Task statement: The lines to copy from the data below are those that hold the string "track".

### Entries shown

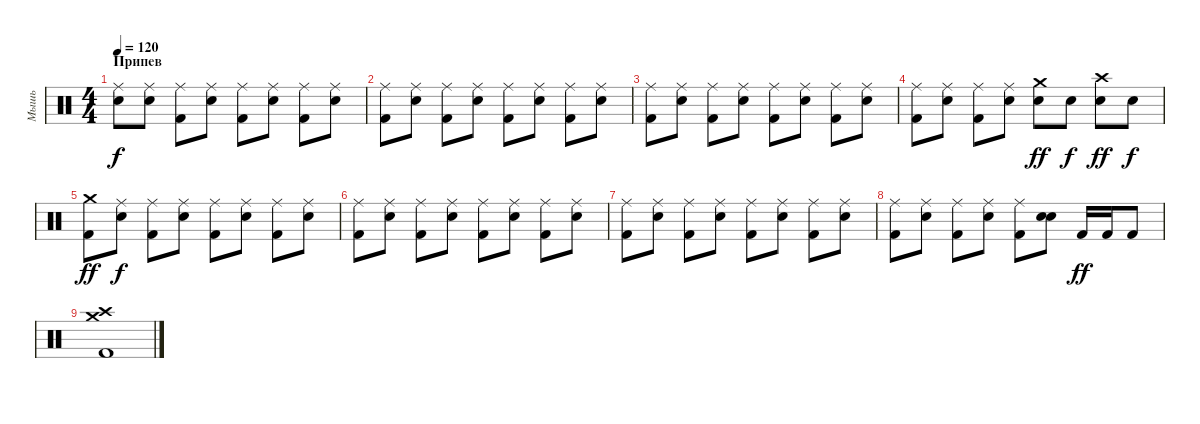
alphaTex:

\track ("Мышь" "Мышь") {instrument percussion}
\staff {score}
\articulation defaults
\ts (4 4)
\section ("" "Припев")
\tempo 120
\clef neutral
\ks c
("Snare (hit) 2" "Ride (middle)").8{dy f} ("Snare (hit) 2" "Ride (middle)").8 ("Kick (hit) 2" "Ride (middle)").8 ("Snare (hit) 2" "Ride (middle)").8 ("Kick (hit) 2" "Ride (middle)").8 ("Snare (hit) 2" "Ride (middle)").8 ("Kick (hit) 2" "Ride (middle)").8 ("Snare (hit) 2" "Ride (middle)").8 |
("Kick (hit) 2" "Ride (middle)").8 ("Snare (hit) 2" "Ride (middle)").8 ("Kick (hit) 2" "Ride (middle)").8 ("Snare (hit) 2" "Ride (middle)").8 ("Kick (hit) 2" "Ride (middle)").8 ("Snare (hit) 2" "Ride (middle)").8 ("Kick (hit) 2" "Ride (middle)").8 ("Snare (hit) 2" "Ride (middle)").8 |
("Kick (hit) 2" "Ride (middle)").8 ("Snare (hit) 2" "Ride (middle)").8 ("Kick (hit) 2" "Ride (middle)").8 ("Snare (hit) 2" "Ride (middle)").8 ("Kick (hit) 2" "Ride (middle)").8 ("Snare (hit) 2" "Ride (middle)").8 ("Kick (hit) 2" "Ride (middle)").8 ("Snare (hit) 2" "Ride (middle)").8 |
("Kick (hit) 2" "Ride (middle)").8 ("Snare (hit) 2" "Ride (middle)").8 ("Kick (hit) 2" "Ride (middle)").8 ("Snare (hit) 2" "Ride (middle)").8 ("Snare (hit) 2" "Crash medium (hit)").8{dy ff} "Snare (hit) 2".8{dy f} ("Snare (hit) 2" "Crash high (hit)").8{dy ff} "Snare (hit) 2".8{dy f} |
("Kick (hit) 2" "Crash medium (hit)").8{dy ff} ("Snare (hit) 2" "Ride (middle)").8{dy f} ("Kick (hit) 2" "Ride (middle)").8 ("Snare (hit) 2" "Ride (middle)").8 ("Kick (hit) 2" "Ride (middle)").8 ("Snare (hit) 2" "Ride (middle)").8 ("Kick (hit) 2" "Ride (middle)").8 ("Snare (hit) 2" "Ride (middle)").8 |
("Kick (hit) 2" "Ride (middle)").8 ("Snare (hit) 2" "Ride (middle)").8 ("Kick (hit) 2" "Ride (middle)").8 ("Snare (hit) 2" "Ride (middle)").8 ("Kick (hit) 2" "Ride (middle)").8 ("Snare (hit) 2" "Ride (middle)").8 ("Kick (hit) 2" "Ride (middle)").8 ("Snare (hit) 2" "Ride (middle)").8 |
("Kick (hit) 2" "Ride (middle)").8 ("Snare (hit) 2" "Ride (middle)").8 ("Kick (hit) 2" "Ride (middle)").8 ("Snare (hit) 2" "Ride (middle)").8 ("Kick (hit) 2" "Ride (middle)").8 ("Snare (hit) 2" "Ride (middle)").8 ("Kick (hit) 2" "Ride (middle)").8 ("Snare (hit) 2" "Ride (middle)").8 |
("Kick (hit) 2" "Ride (middle)").8 ("Snare (hit) 2" "Ride (middle)").8 ("Kick (hit) 2" "Ride (middle)").8 ("Snare (hit) 2" "Ride (middle)").8 ("Kick (hit) 2" "Ride (middle)").8 ("Snare (hit) 2" "Snare (hit) 2").8{bd 120} "Kick (hit) 2".16{dy ff} "Kick (hit) 2".16 "Kick (hit) 2".8 |
("Crash medium (hit)" "Kick (hit) 2" "Crash high (hit)").1
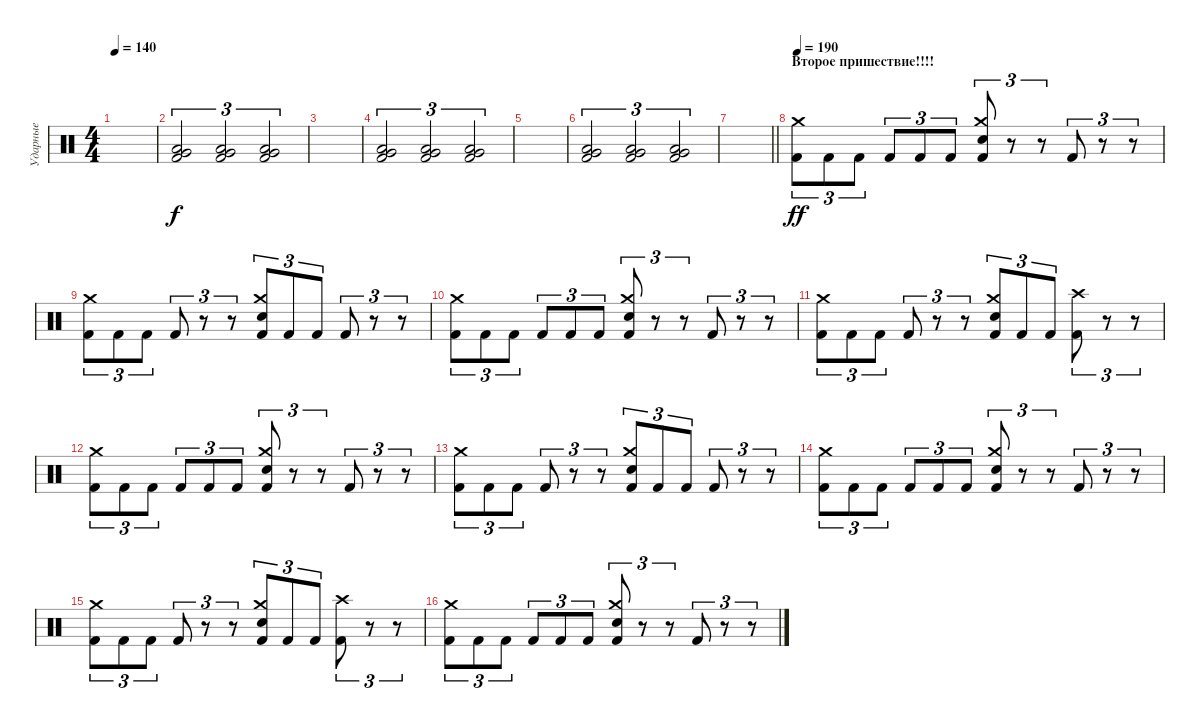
\track ("Ударные" "Ударные") {instrument percussion}
\staff {score}
\articulation defaults
\ts (4 4)
\tempo 140
\clef neutral
\ks c
|
("Low Tom (hit)" "Kick (hit) 2" "Very Low Tom (hit)").2{tu (3 2)} ("Low Tom (hit)" "Kick (hit) 2" "Very Low Tom (hit)").2{tu (3 2)} ("Low Tom (hit)" "Kick (hit) 2" "Very Low Tom (hit)").2{tu (3 2)} |
|
("Low Tom (hit)" "Kick (hit) 2" "Very Low Tom (hit)").2{tu (3 2)} ("Low Tom (hit)" "Kick (hit) 2" "Very Low Tom (hit)").2{tu (3 2)} ("Low Tom (hit)" "Kick (hit) 2" "Very Low Tom (hit)").2{tu (3 2)} |
|
("Low Tom (hit)" "Kick (hit) 2" "Very Low Tom (hit)").2{tu (3 2)} ("Low Tom (hit)" "Kick (hit) 2" "Very Low Tom (hit)").2{tu (3 2)} ("Low Tom (hit)" "Kick (hit) 2" "Very Low Tom (hit)").2{tu (3 2)} |
\barLineRight lightlight
|
\section ("" "Второе пришествие!!!!")
\tempo 190
("Kick (hit) 2" "Crash medium (hit)").8{tu (3 2) dy ff} "Kick (hit) 2".8{tu (3 2)} "Kick (hit) 2".8{tu (3 2)} "Kick (hit) 2".8{tu (3 2)} "Kick (hit) 2".8{tu (3 2)} "Kick (hit) 2".8{tu (3 2)} ("Kick (hit) 2" "Snare (hit) 2" "Crash medium (hit)").8{tu (3 2)} r.8{tu (3 2)} r.8{tu (3 2)} "Kick (hit) 2".8{tu (3 2)} r.8{tu (3 2)} r.8{tu (3 2)} |
("Kick (hit) 2" "Crash medium (hit)").8{tu (3 2)} "Kick (hit) 2".8{tu (3 2)} "Kick (hit) 2".8{tu (3 2)} "Kick (hit) 2".8{tu (3 2)} r.8{tu (3 2)} r.8{tu (3 2)} ("Kick (hit) 2" "Snare (hit) 2" "Crash medium (hit)").8{tu (3 2)} "Kick (hit) 2".8{tu (3 2)} "Kick (hit) 2".8{tu (3 2)} "Kick (hit) 2".8{tu (3 2)} r.8{tu (3 2)} r.8{tu (3 2)} |
("Kick (hit) 2" "Crash medium (hit)").8{tu (3 2)} "Kick (hit) 2".8{tu (3 2)} "Kick (hit) 2".8{tu (3 2)} "Kick (hit) 2".8{tu (3 2)} "Kick (hit) 2".8{tu (3 2)} "Kick (hit) 2".8{tu (3 2)} ("Kick (hit) 2" "Snare (hit) 2" "Crash medium (hit)").8{tu (3 2)} r.8{tu (3 2)} r.8{tu (3 2)} "Kick (hit) 2".8{tu (3 2)} r.8{tu (3 2)} r.8{tu (3 2)} |
("Kick (hit) 2" "Crash medium (hit)").8{tu (3 2)} "Kick (hit) 2".8{tu (3 2)} "Kick (hit) 2".8{tu (3 2)} "Kick (hit) 2".8{tu (3 2)} r.8{tu (3 2)} r.8{tu (3 2)} ("Kick (hit) 2" "Snare (hit) 2" "Crash medium (hit)").8{tu (3 2)} "Kick (hit) 2".8{tu (3 2)} "Kick (hit) 2".8{tu (3 2)} ("Kick (hit) 2" "Crash high (hit)").8{tu (3 2)} r.8{tu (3 2)} r.8{tu (3 2)} |
("Kick (hit) 2" "Crash medium (hit)").8{tu (3 2)} "Kick (hit) 2".8{tu (3 2)} "Kick (hit) 2".8{tu (3 2)} "Kick (hit) 2".8{tu (3 2)} "Kick (hit) 2".8{tu (3 2)} "Kick (hit) 2".8{tu (3 2)} ("Kick (hit) 2" "Snare (hit) 2" "Crash medium (hit)").8{tu (3 2)} r.8{tu (3 2)} r.8{tu (3 2)} "Kick (hit) 2".8{tu (3 2)} r.8{tu (3 2)} r.8{tu (3 2)} |
("Kick (hit) 2" "Crash medium (hit)").8{tu (3 2)} "Kick (hit) 2".8{tu (3 2)} "Kick (hit) 2".8{tu (3 2)} "Kick (hit) 2".8{tu (3 2)} r.8{tu (3 2)} r.8{tu (3 2)} ("Kick (hit) 2" "Snare (hit) 2" "Crash medium (hit)").8{tu (3 2)} "Kick (hit) 2".8{tu (3 2)} "Kick (hit) 2".8{tu (3 2)} "Kick (hit) 2".8{tu (3 2)} r.8{tu (3 2)} r.8{tu (3 2)} |
("Kick (hit) 2" "Crash medium (hit)").8{tu (3 2)} "Kick (hit) 2".8{tu (3 2)} "Kick (hit) 2".8{tu (3 2)} "Kick (hit) 2".8{tu (3 2)} "Kick (hit) 2".8{tu (3 2)} "Kick (hit) 2".8{tu (3 2)} ("Kick (hit) 2" "Snare (hit) 2" "Crash medium (hit)").8{tu (3 2)} r.8{tu (3 2)} r.8{tu (3 2)} "Kick (hit) 2".8{tu (3 2)} r.8{tu (3 2)} r.8{tu (3 2)} |
("Kick (hit) 2" "Crash medium (hit)").8{tu (3 2)} "Kick (hit) 2".8{tu (3 2)} "Kick (hit) 2".8{tu (3 2)} "Kick (hit) 2".8{tu (3 2)} r.8{tu (3 2)} r.8{tu (3 2)} ("Kick (hit) 2" "Snare (hit) 2" "Crash medium (hit)").8{tu (3 2)} "Kick (hit) 2".8{tu (3 2)} "Kick (hit) 2".8{tu (3 2)} ("Kick (hit) 2" "Crash high (hit)").8{tu (3 2)} r.8{tu (3 2)} r.8{tu (3 2)} |
("Kick (hit) 2" "Crash medium (hit)").8{tu (3 2)} "Kick (hit) 2".8{tu (3 2)} "Kick (hit) 2".8{tu (3 2)} "Kick (hit) 2".8{tu (3 2)} "Kick (hit) 2".8{tu (3 2)} "Kick (hit) 2".8{tu (3 2)} ("Kick (hit) 2" "Snare (hit) 2" "Crash medium (hit)").8{tu (3 2)} r.8{tu (3 2)} r.8{tu (3 2)} "Kick (hit) 2".8{tu (3 2)} r.8{tu (3 2)} r.8{tu (3 2)}
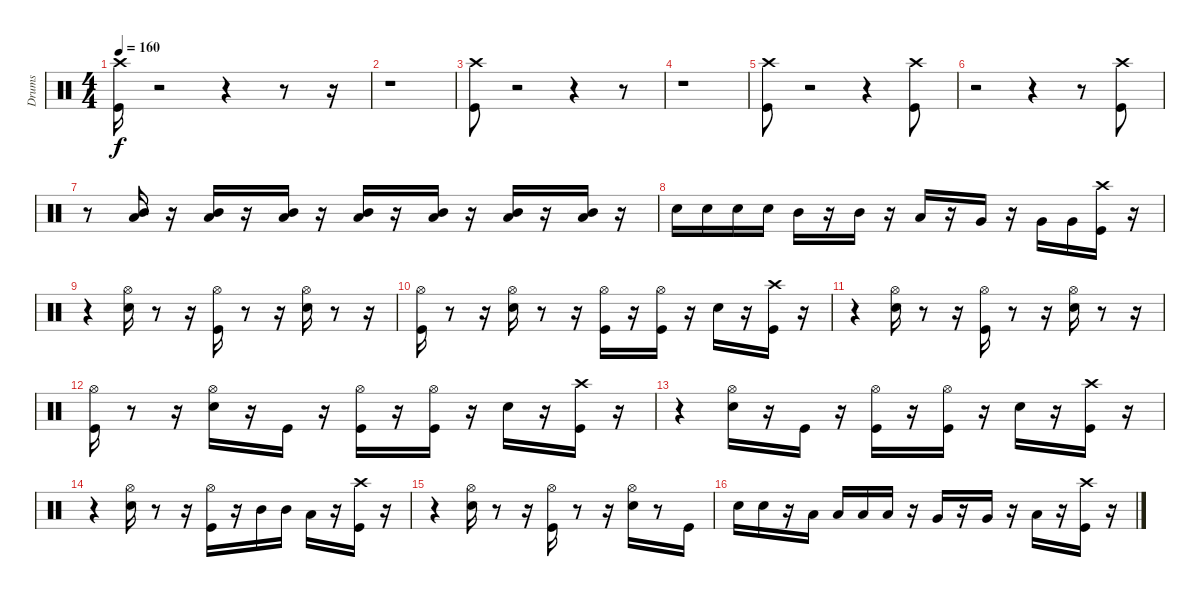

######

Exercise output:
\track ("Мышь" "Мышь") {instrument percussion}
\track ("Ударные" "Ударные") {instrument percussion}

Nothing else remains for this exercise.